Pytorch version: 0.4.1.

Khang Truong.

Depending on the batch size (and potentially other hyperparameters you’ve changed), the output might not be exactly the same.
I would recommend to update to the latest stable PyTorch release (1.5.0) and rerun the script again.
0.4.1 is quite old by now and a lot of fixes went into the code since then. :wink:

Thanks for your quick response. I’ll try to test with a newer version version. Can I install pytorch version 1.5.0 along with cuda version 9.0?

You would have to build from source for CUDA9.0, as the 1.5 binaries ship with CUDA9.2, 10.1, and 10.2.

I tried to upgrade pytorch to 1.1.0 and re-run my code. But the problem is still happening. I don’t change any hyperparameters, only change running from a single GPU to multiple GPU by using torch.DataParallel(). Is there any reason for this?

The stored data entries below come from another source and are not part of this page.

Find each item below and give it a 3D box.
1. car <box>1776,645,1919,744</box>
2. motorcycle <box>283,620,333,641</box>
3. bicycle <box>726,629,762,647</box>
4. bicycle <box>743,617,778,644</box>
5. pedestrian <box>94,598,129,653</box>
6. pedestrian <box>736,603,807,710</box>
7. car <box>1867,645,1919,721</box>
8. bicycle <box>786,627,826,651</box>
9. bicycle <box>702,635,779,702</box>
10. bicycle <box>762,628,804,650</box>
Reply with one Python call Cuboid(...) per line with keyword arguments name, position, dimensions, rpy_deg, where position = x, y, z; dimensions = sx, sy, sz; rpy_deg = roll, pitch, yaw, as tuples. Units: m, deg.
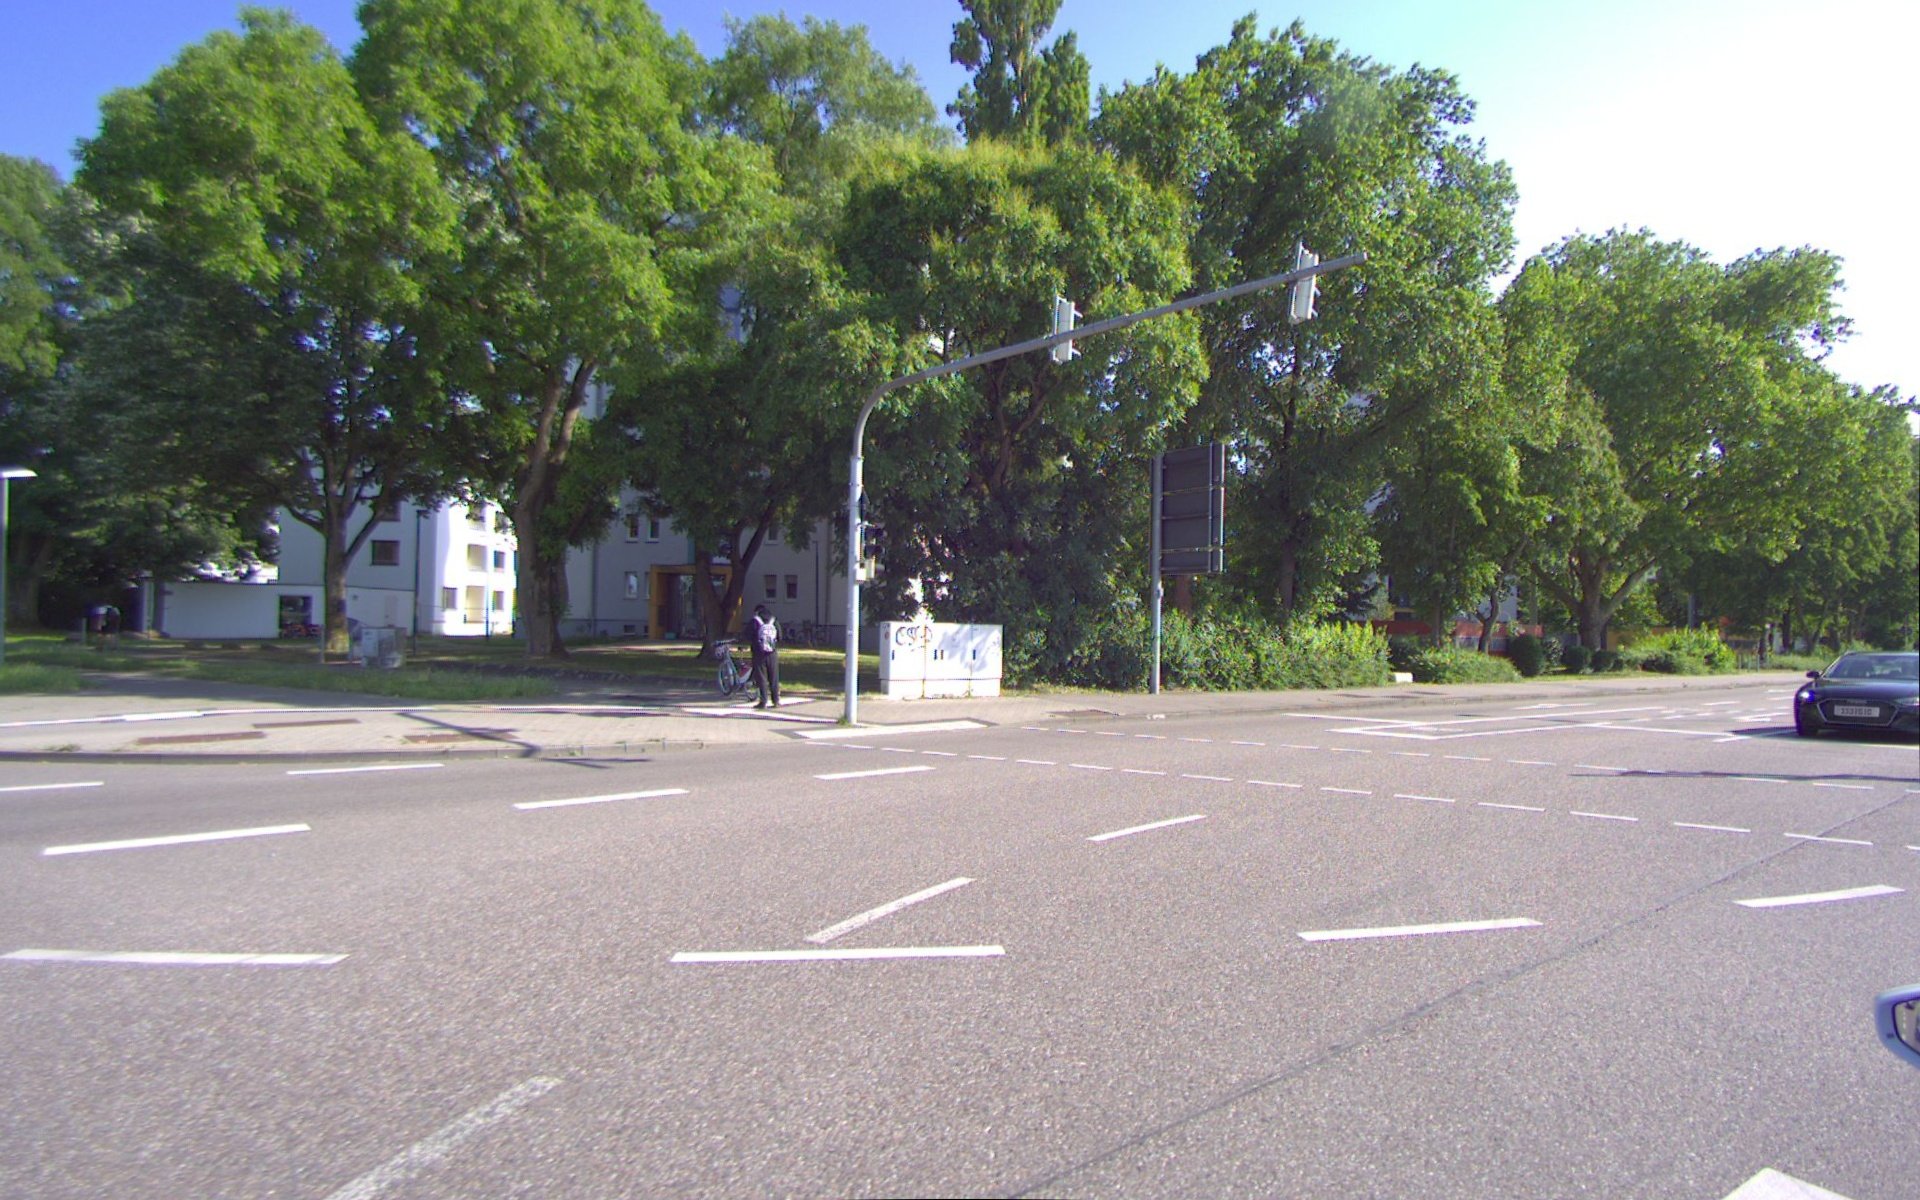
Cuboid(name="car", position=(15.702, 1.512, 17.034), dimensions=(4.688, 1.450, 1.816), rpy_deg=(2, -3, -37))
Cuboid(name="motorcycle", position=(-31.415, 1.477, 48.422), dimensions=(2.005, 0.977, 0.526), rpy_deg=(1, -1, -4))
Cuboid(name="bicycle", position=(-9.238, 1.613, 43.048), dimensions=(0.496, 0.718, 2.117), rpy_deg=(1, -1, 17))
Cuboid(name="bicycle", position=(-8.446, 1.323, 42.583), dimensions=(0.600, 1.080, 1.919), rpy_deg=(2, -2, 15))
Cuboid(name="pedestrian", position=(-27.265, 0.814, 32.277), dimensions=(0.695, 1.736, 0.621), rpy_deg=(1, -1, -26))
Cuboid(name="pedestrian", position=(-3.216, 0.944, 17.133), dimensions=(0.921, 1.775, 0.811), rpy_deg=(2, -1, -33))
Cuboid(name="car", position=(20.399, 1.674, 20.703), dimensions=(4.342, 1.454, 1.815), rpy_deg=(2, -2, -38))
Cuboid(name="bicycle", position=(-6.450, 1.624, 42.141), dimensions=(0.657, 0.932, 2.408), rpy_deg=(1, -1, 17))
Cuboid(name="bicycle", position=(-4.089, 1.245, 18.607), dimensions=(0.626, 1.134, 1.895), rpy_deg=(2, -1, -38))
Cuboid(name="bicycle", position=(-7.460, 1.631, 42.464), dimensions=(0.662, 0.887, 2.486), rpy_deg=(1, -1, 17))

If you didn’t change any hyperparameters, I assume the batch size is also the same as for the single GPU run.
If that’s the case, your training might suffer, if you are using batchnorm layers, as their running estimates might be off due to the lower batch size on each device.
DistributedDataParallel provides SyncBatchNorm, which synchronizes these stats between the processes.

PyTorch 1.1.0 is also not really new. Are you having trouble updating to the latest version?
If so, could you post the issues, so that we can help with it?

My model does not use any BatchNorm layers. However, I implemented a normalized convolution like below, and my network only utilizes this operation

# The proposed Normalized Convolution Layer
class NConv2d(_ConvNd):
    def __init__(self, in_channels, out_channels, kernel_size, pos_fn='softplus',
                 init_method='k', stride=1, padding=0, dilation=1, groups=1, bias=True, padding_mode='zeros'):
        kernel_size = _pair(kernel_size)
        stride = _pair(stride)
        padding = _pair(padding)
        dilation = _pair(dilation)
        # Call _ConvNd constructor
        super(NConv2d, self).__init__(in_channels, out_channels, kernel_size,
                                      stride, padding, dilation, False, _pair(0), groups, bias, padding_mode)
        self.eps = 1e-20
        self.pos_fn = pos_fn
        self.init_method = init_method
        # Initialize weights and bias
        if self.pos_fn is not None:
            EnforcePos.apply(self, 'weight', pos_fn)
    def forward(self, data, conf):
        # Normalized Convolution
        denom = F.conv2d(conf, self.weight, None, self.stride,
                        self.padding, self.dilation, self.groups)        
        nomin = F.conv2d(data*conf, self.weight, None, self.stride,
                        self.padding, self.dilation, self.groups)        
        nconv = nomin / (denom+self.eps)

        # Add bias
        b = self.bias
        sz = b.size(0)
        b = b.view(1,sz,1,1)
        b = b.expand_as(nconv)
        nconv += b
        # Propagate confidence
        cout = denom
        sz = cout.size()
        cout = cout.view(sz[0], sz[1], -1)
        k = self.weight
        k_sz = k.size()
        k = k.view(k_sz[0], -1)
        s = torch.sum(k, dim=-1, keepdim=True)        

        cout = cout / s
        cout = cout.view(sz)
        return nconv, cout
# Non-negativity enforcement class        
class EnforcePos(object):
    def __init__(self, pos_fn, name):
        self.name = name
        self.pos_fn = pos_fn

    def apply(module, name, pos_fn):
        fn = EnforcePos(pos_fn, name)

        return fn

    def __call__(self, module, inputs):
       if module.training:
            weight = getattr(module, self.name)
            weight.data = self._pos(weight).data

    def _pos(self, p):
        pos_fn = self.pos_fn.lower()
        if pos_fn == 'softmax':
            p_sz = p.size()
            p = p.view(p_sz[0],p_sz[1], -1)
            p = F.softmax(p, -1)
            return p.view(p_sz)
        elif pos_fn == 'exp':
            return torch.exp(p)
        elif pos_fn == 'softplus':
            return F.softplus(p, beta=10)
        elif pos_fn == 'sigmoid':
            return F.sigmoid(p)
            print('Undefined positive function!')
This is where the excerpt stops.